Task requirements: Without including the pictures, copy each line below exactly as it reads.
╔══
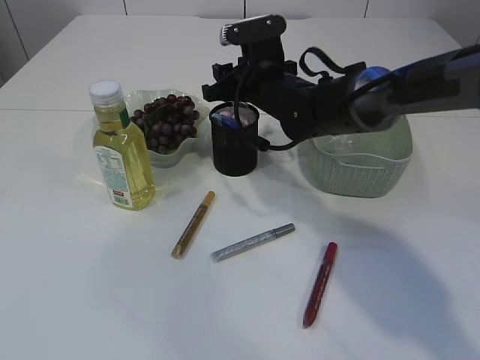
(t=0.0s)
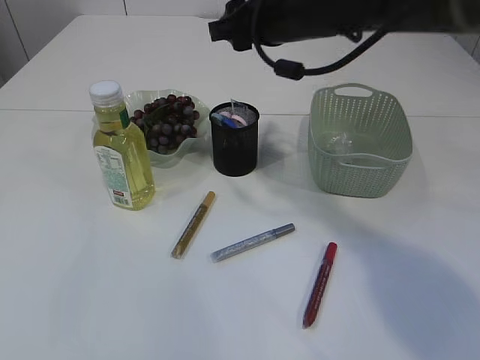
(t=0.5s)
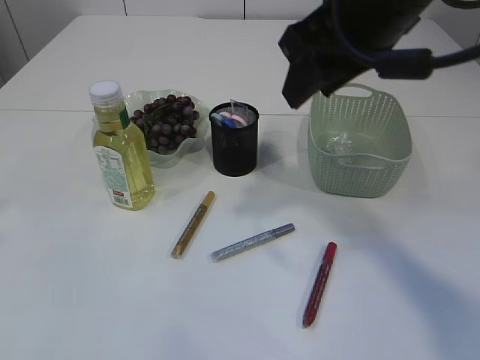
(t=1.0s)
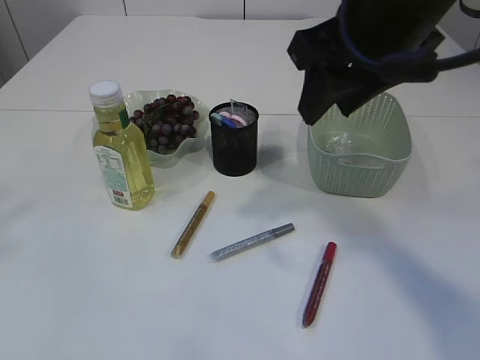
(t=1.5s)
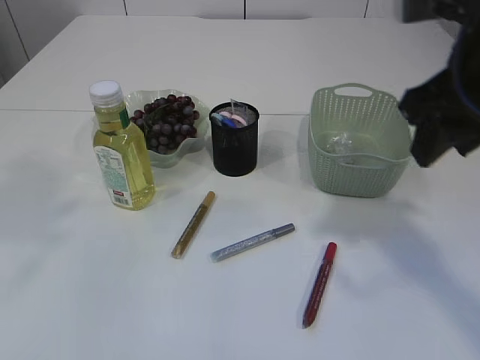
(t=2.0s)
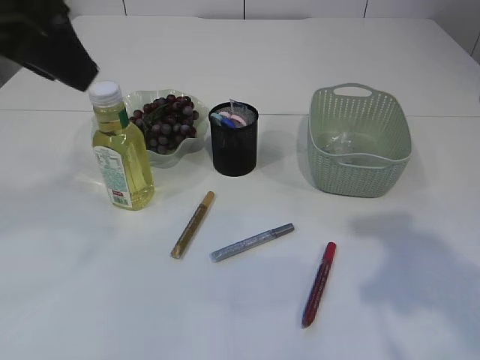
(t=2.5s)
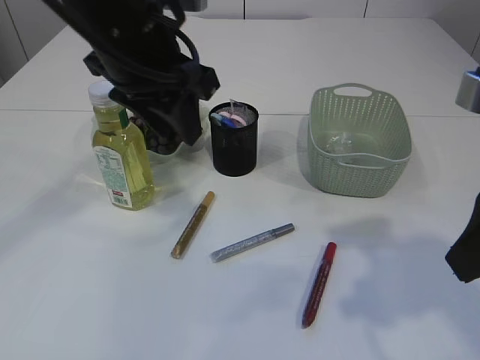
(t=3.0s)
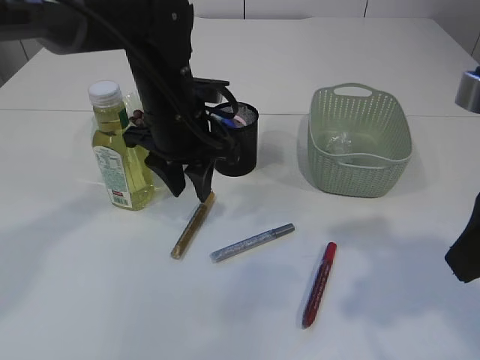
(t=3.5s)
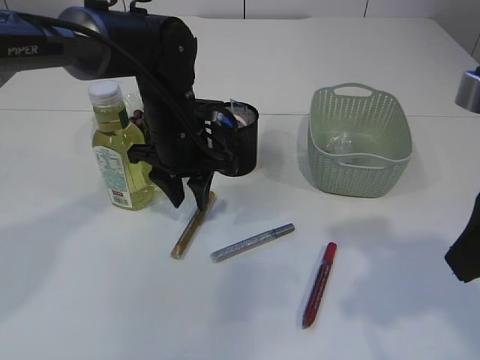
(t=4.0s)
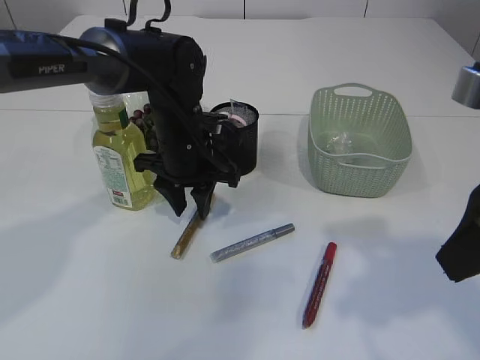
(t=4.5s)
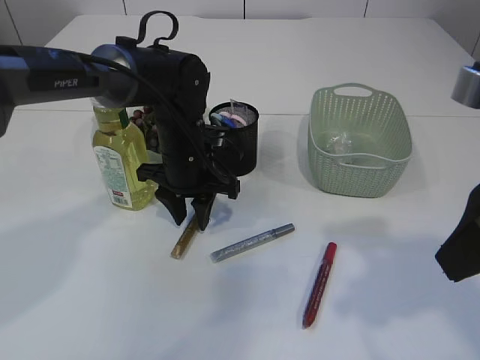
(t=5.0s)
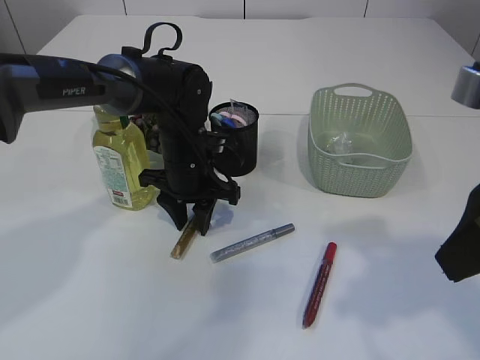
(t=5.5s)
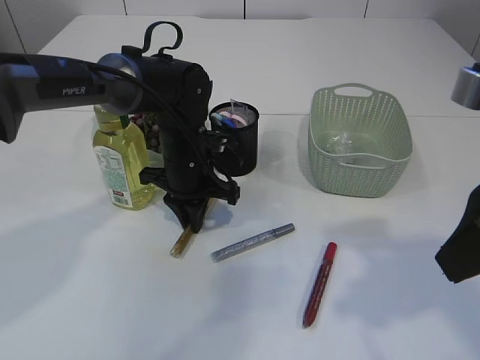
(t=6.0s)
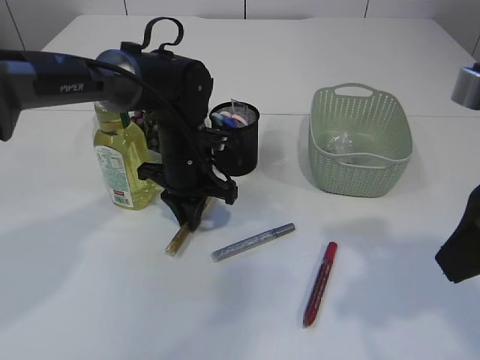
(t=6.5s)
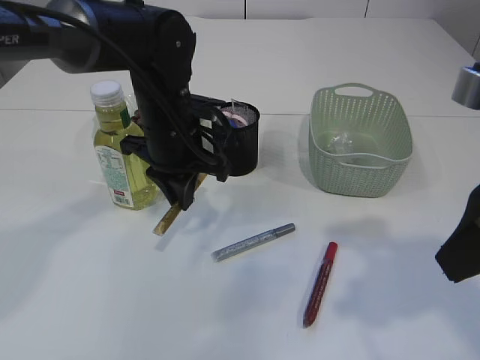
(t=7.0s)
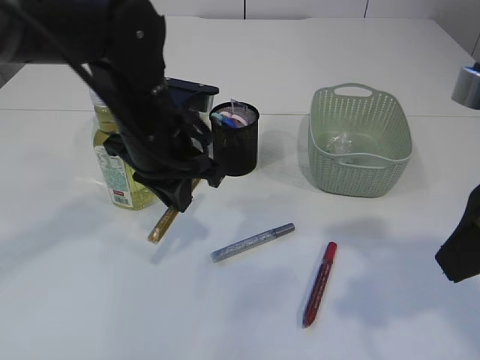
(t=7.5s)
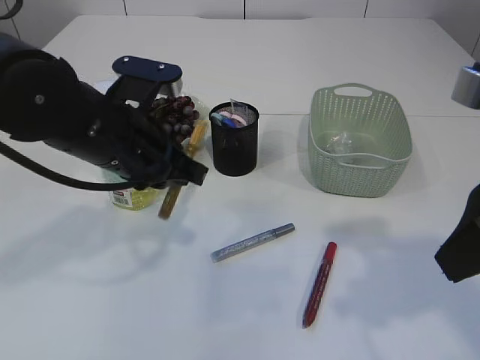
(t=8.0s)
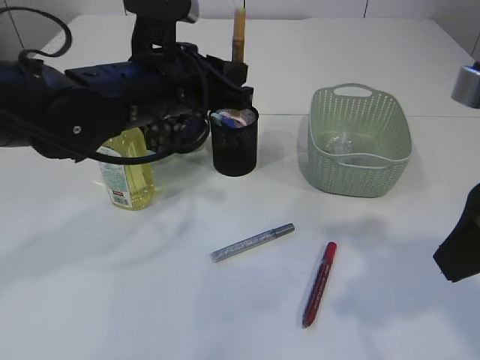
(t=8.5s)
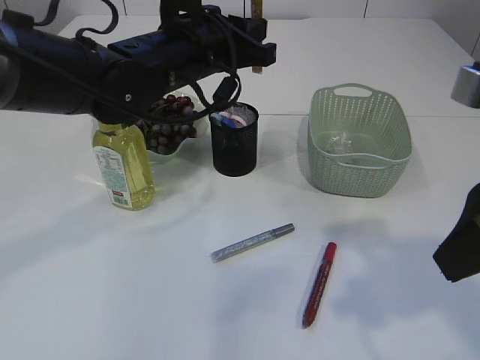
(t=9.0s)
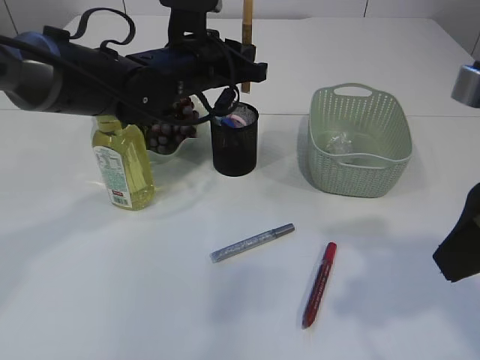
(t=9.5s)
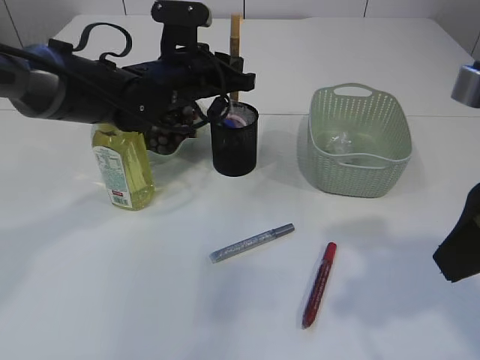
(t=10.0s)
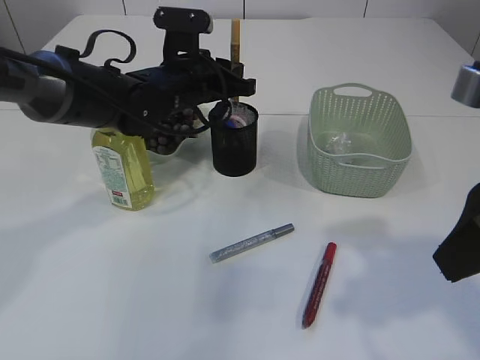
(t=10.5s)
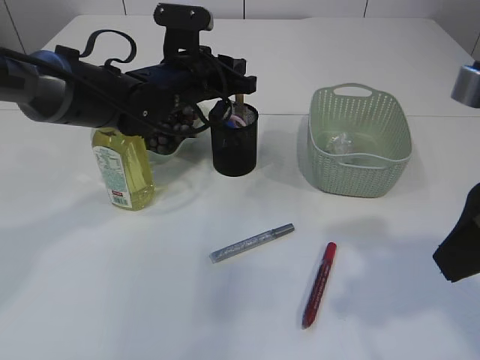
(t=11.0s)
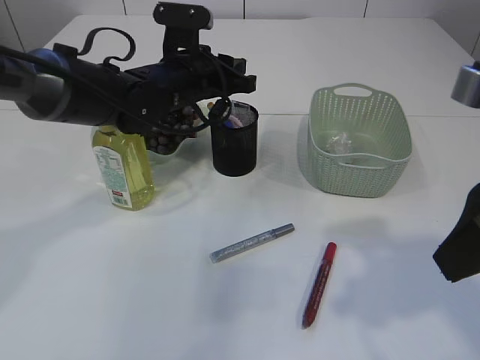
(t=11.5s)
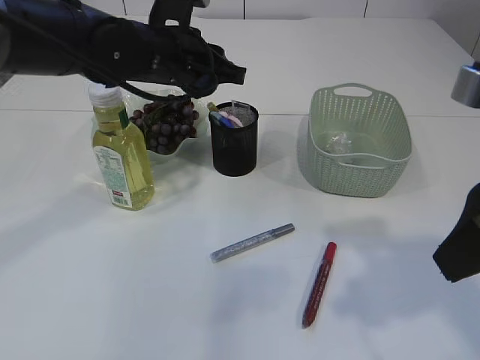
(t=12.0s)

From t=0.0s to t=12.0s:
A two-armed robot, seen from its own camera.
╚══
Task output:
(t=0.0s)
(t=0.5s)
(t=1.0s)
(t=1.5s)
(t=2.0s)
(t=2.5s)
(t=3.0s)
(t=3.5s)
(t=4.0s)
(t=4.5s)
(t=5.0s)
(t=5.5s)
(t=6.0s)
(t=6.5s)
(t=7.0s)
(t=7.5s)
(t=8.0s)
(t=8.5s)
(t=9.0s)
(t=9.5s)
(t=10.0s)
(t=10.5s)
(t=11.0s)
(t=11.5s)
(t=12.0s)

From t=0.0s to t=12.0s:
A two-armed robot, seen from its own camera.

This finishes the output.